Armijo was convicted by a jury of the crime commonly referred to as assault with a deadly weapon, as such offense is defined in C.R.S. '53, 40-2-34. Thereafter Armijo was sentenced to a term of from two to five years in the State Penitentiary and by the present writ of error he seeks reversal of this judgment and sentence. As ground for reversal Armijo urges, inter alia, that the trial court erred in refusing an instruction which he tendered concerning specific intent. Our review of the record convinces us that the trial court committed error in this regard, and because of this error by the trial court the judgment must now be reversed.

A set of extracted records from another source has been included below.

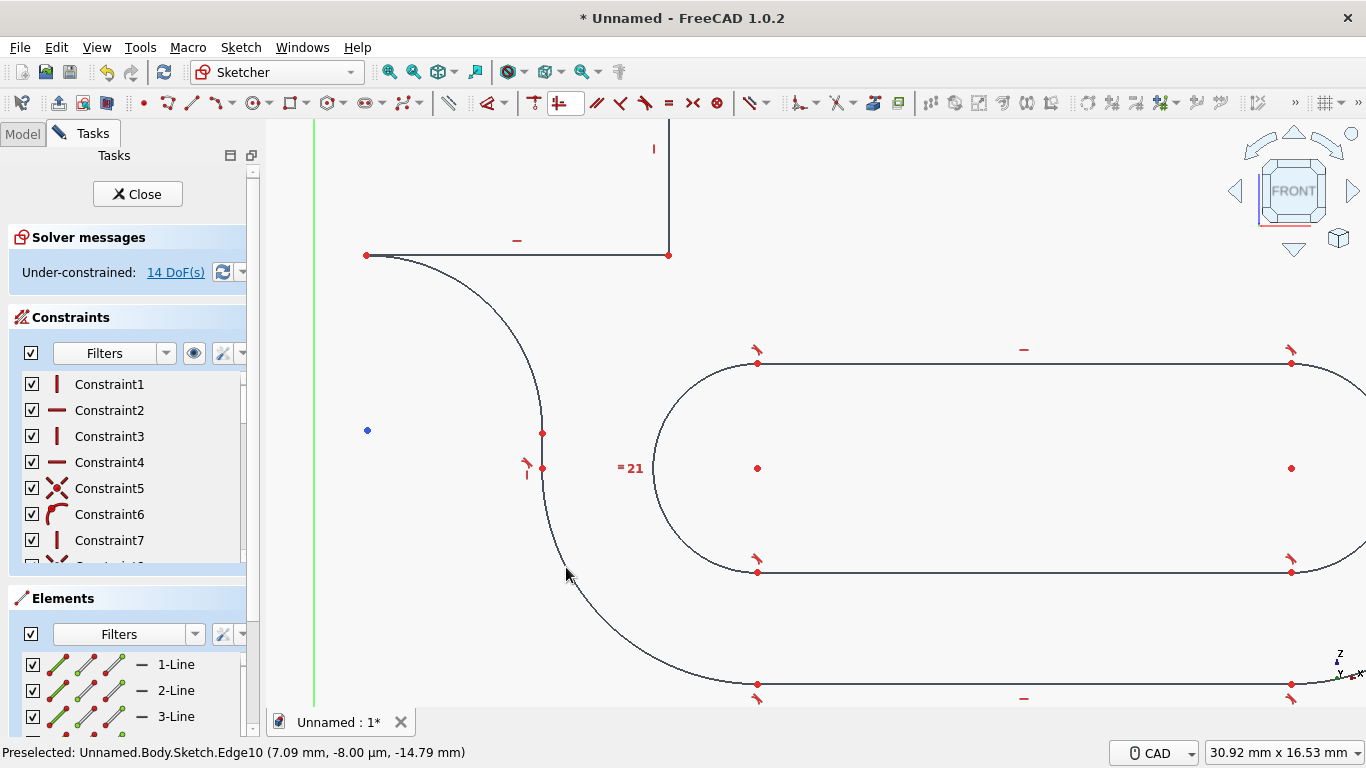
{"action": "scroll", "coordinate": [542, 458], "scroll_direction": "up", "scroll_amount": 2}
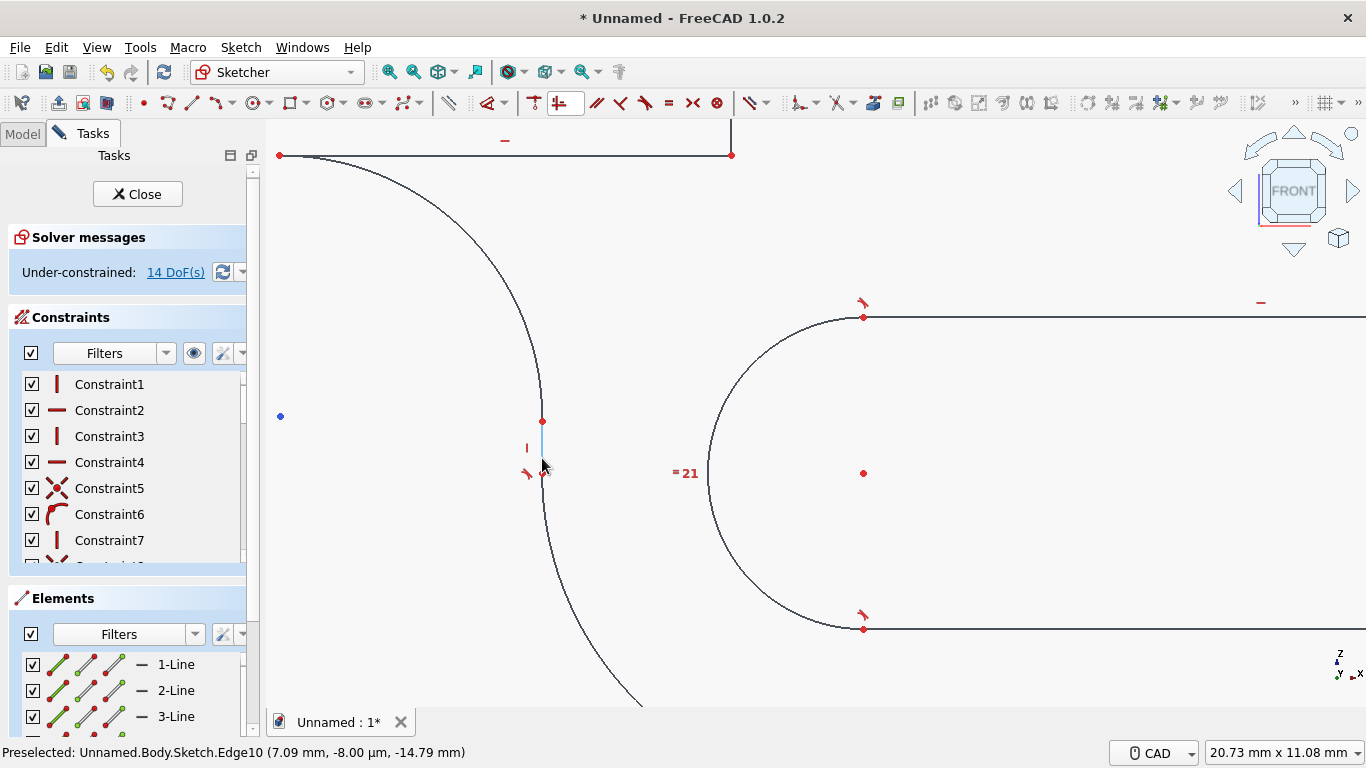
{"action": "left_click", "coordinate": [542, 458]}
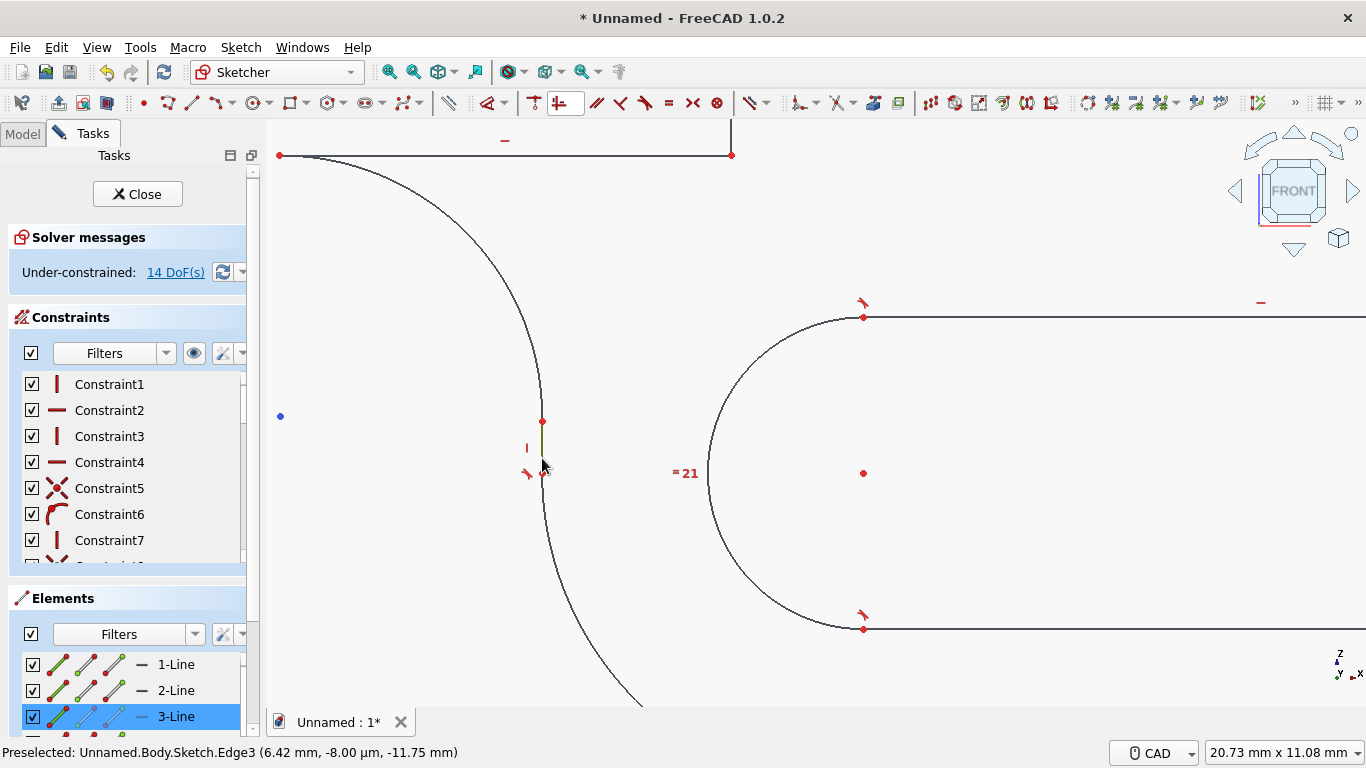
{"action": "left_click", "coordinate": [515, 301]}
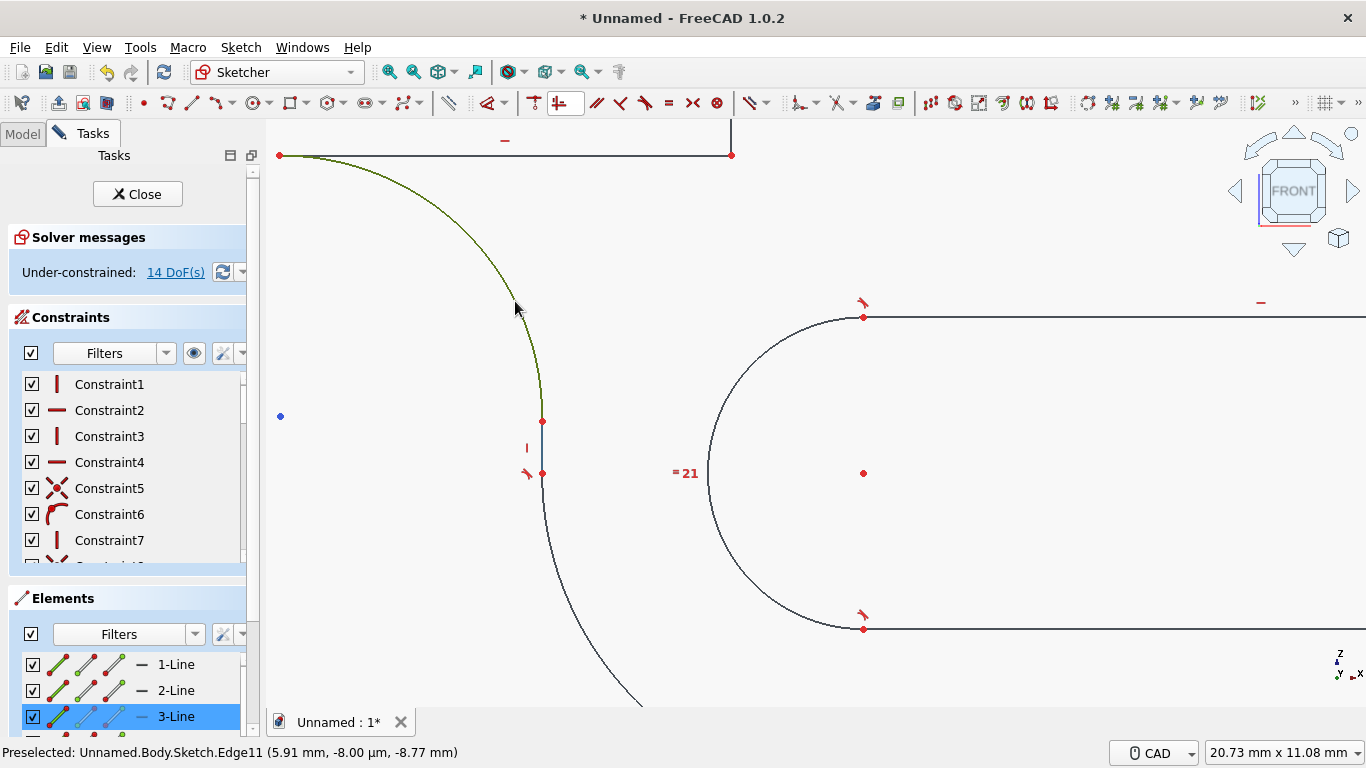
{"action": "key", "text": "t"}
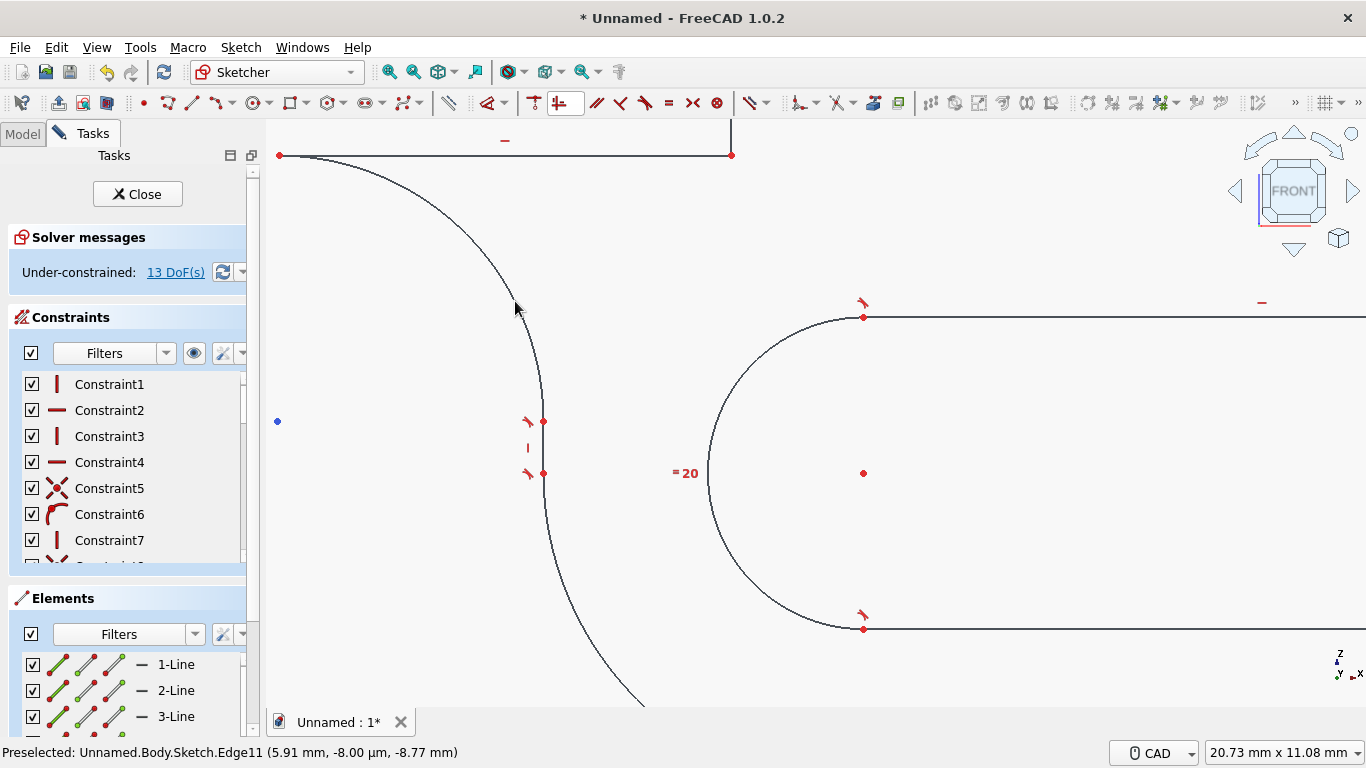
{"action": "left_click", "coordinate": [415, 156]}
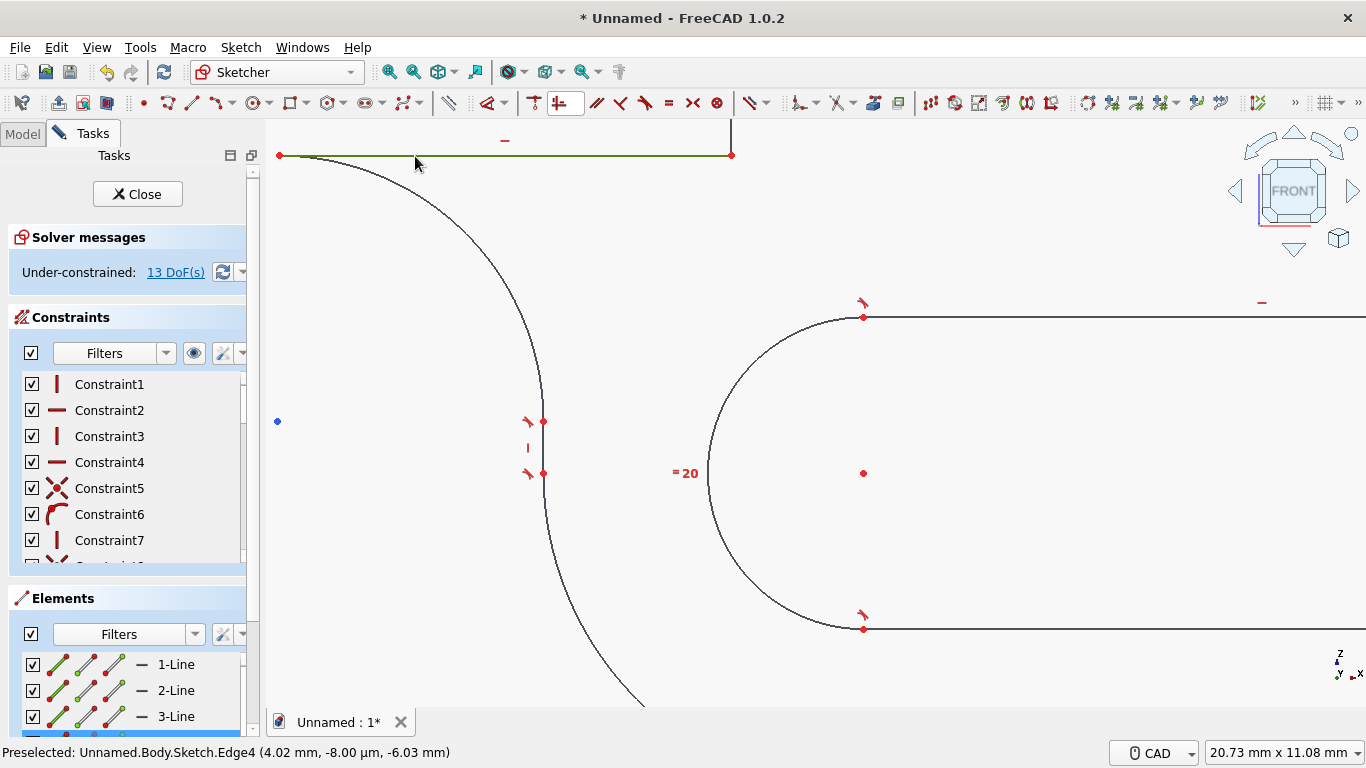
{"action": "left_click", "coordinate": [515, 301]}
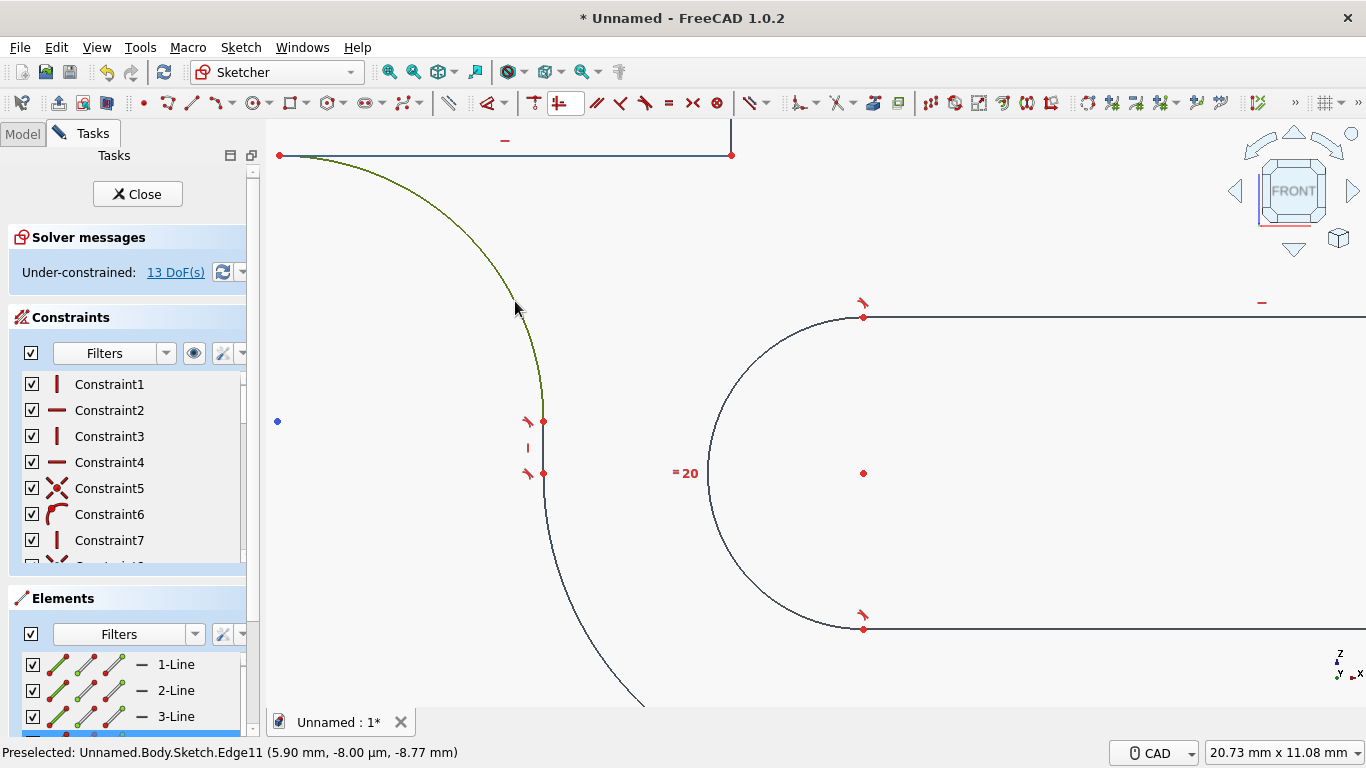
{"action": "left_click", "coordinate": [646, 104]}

As noted, Armijo tendered an instruction on specific intent to the trial court, the gist of the proposed instruction being that before the jury could convict him of assault with a deadly weapon, the jury had to be satisfied beyond a reasonable doubt that he had the specific intent to commit bodily injury upon the person of the alleged victim. The trial court declined to give this tendered instruction, the court being of the opinion that this particular matter was "otherwise covered" by the several instructions which were given the jury by the trial court. If in fact the matter was adequately covered by other instructions, such would be a valid reason for refusing to give Armijo's tendered instruction. However, our study of the instructions leads us to the conclusion that such is not the case.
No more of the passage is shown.